Is Not Responding To An Offer Just Plain Rude?


Think about it in the context of a BUYER using the Audiogon system - 

1 - “Lowballers will be politely ignored.

What constitutes a lowball offer? Is there a percentage of the asking price below which the offer becomes a “lowball”? If so, what is it? 90%? 75%? ….Is it connected to or disconnected from the length of time the ad has been running?

2 - When the only option is “Make an Offer”.

What am I supposed to do here? Am I supposed to offer more than the asking price? Less than the asking price? If less is OK, then refer to point 1 above.

3 - When the only option is “Make an Offer” and the ad says “price is firm”

What the heck am I supposed to do with that one?

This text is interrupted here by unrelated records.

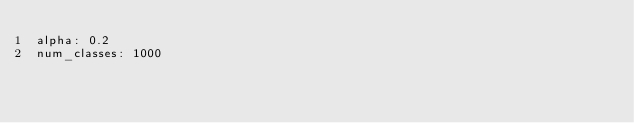<code> <loc_0><loc_0><loc_500><loc_500><_YAML_>alpha: 0.2
num_classes: 1000
</code> 
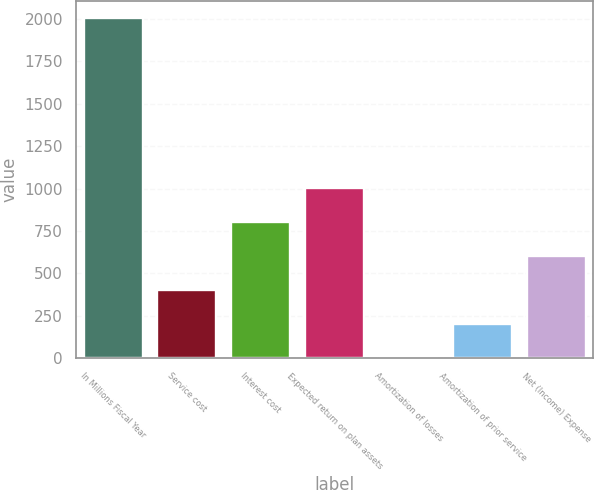Convert chart to OTSL. <chart><loc_0><loc_0><loc_500><loc_500><bar_chart><fcel>In Millions Fiscal Year<fcel>Service cost<fcel>Interest cost<fcel>Expected return on plan assets<fcel>Amortization of losses<fcel>Amortization of prior service<fcel>Net (Income) Expense<nl><fcel>2003<fcel>402.2<fcel>802.4<fcel>1002.5<fcel>2<fcel>202.1<fcel>602.3<nl></chart> 
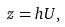<formula> <loc_0><loc_0><loc_500><loc_500>z = h U ,</formula> 
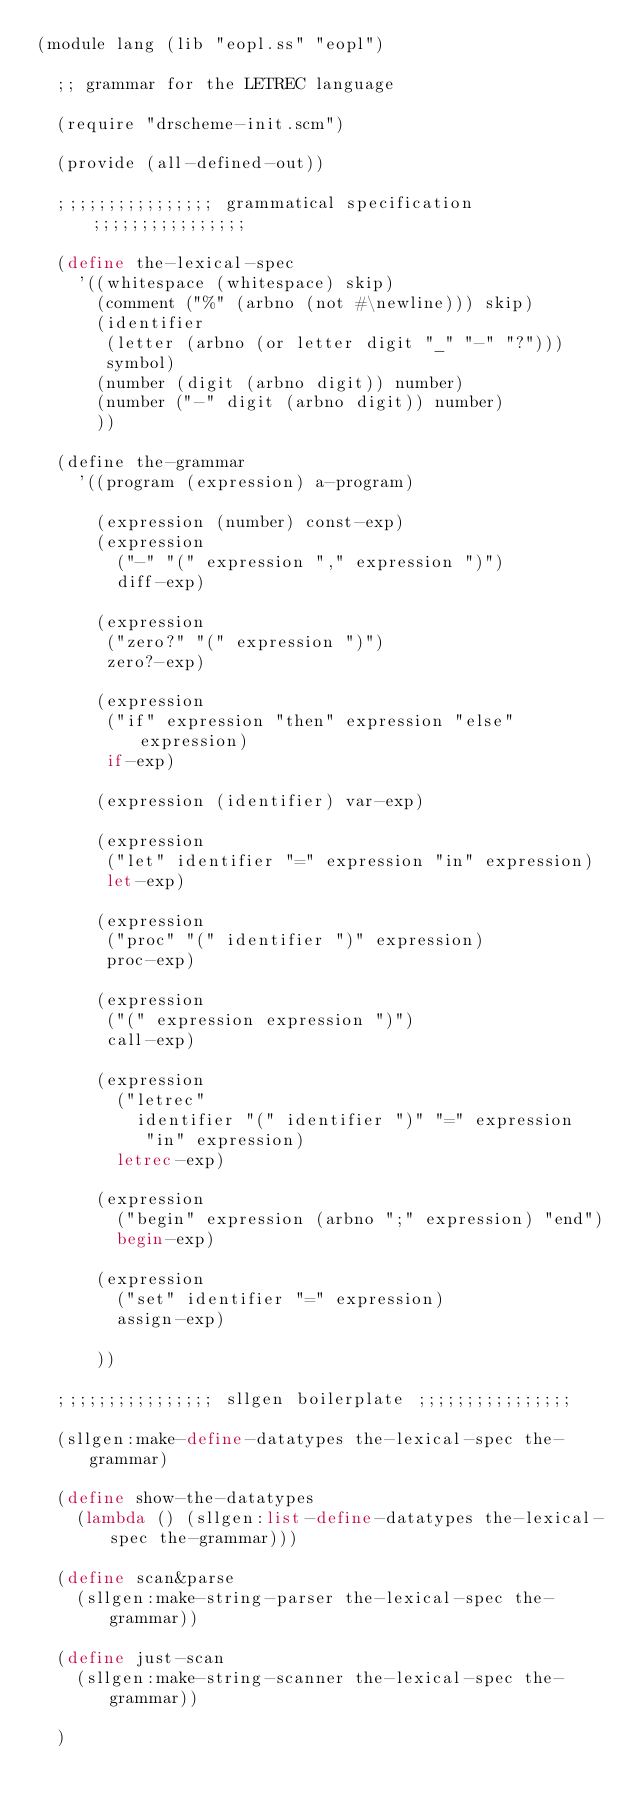<code> <loc_0><loc_0><loc_500><loc_500><_Scheme_>(module lang (lib "eopl.ss" "eopl")                

  ;; grammar for the LETREC language

  (require "drscheme-init.scm")
  
  (provide (all-defined-out))

  ;;;;;;;;;;;;;;;; grammatical specification ;;;;;;;;;;;;;;;;
  
  (define the-lexical-spec
    '((whitespace (whitespace) skip)
      (comment ("%" (arbno (not #\newline))) skip)
      (identifier
       (letter (arbno (or letter digit "_" "-" "?")))
       symbol)
      (number (digit (arbno digit)) number)
      (number ("-" digit (arbno digit)) number)
      ))
  
  (define the-grammar
    '((program (expression) a-program)

      (expression (number) const-exp)
      (expression
        ("-" "(" expression "," expression ")")
        diff-exp)
      
      (expression
       ("zero?" "(" expression ")")
       zero?-exp)

      (expression
       ("if" expression "then" expression "else" expression)
       if-exp)

      (expression (identifier) var-exp)

      (expression
       ("let" identifier "=" expression "in" expression)
       let-exp)   

      (expression
       ("proc" "(" identifier ")" expression)
       proc-exp)

      (expression
       ("(" expression expression ")")
       call-exp)

      (expression
        ("letrec"
          identifier "(" identifier ")" "=" expression
           "in" expression)
        letrec-exp)

      (expression
        ("begin" expression (arbno ";" expression) "end")
        begin-exp)

      (expression
        ("set" identifier "=" expression)
        assign-exp)
      
      ))
  
  ;;;;;;;;;;;;;;;; sllgen boilerplate ;;;;;;;;;;;;;;;;
  
  (sllgen:make-define-datatypes the-lexical-spec the-grammar)
  
  (define show-the-datatypes
    (lambda () (sllgen:list-define-datatypes the-lexical-spec the-grammar)))
  
  (define scan&parse
    (sllgen:make-string-parser the-lexical-spec the-grammar))
  
  (define just-scan
    (sllgen:make-string-scanner the-lexical-spec the-grammar))
  
  )
</code> 
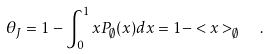<formula> <loc_0><loc_0><loc_500><loc_500>\theta _ { J } = 1 - \int _ { 0 } ^ { 1 } x P _ { \emptyset } ( x ) d x = 1 - < x > _ { \emptyset } \ \ .</formula>

If you’re listing an item with the option of “Make an Offer”, wouldn’t it just be courteous to give the benefit of the doubt to the person submitting the offer, assume he or she is a serious buyer and not a tire-kicker, and just reply one way or the other, in a timely fashion? I mean, there’s nothing lost, right? Just say “NO”. Or make a counteroffer….what’s so difficult?

I just sold a nice preamp to a gentleman who made an offer on it, it arrived with the buyer safely and he’s thrilled with it. So now I have wires hanging loose in my system where a preamp used to be, and it’s almost the Holidays. I found a suitable replacement on Audiogon in the $7K range, made an offer within 10% +/- of the asking price, and…drum roll….….nothing. 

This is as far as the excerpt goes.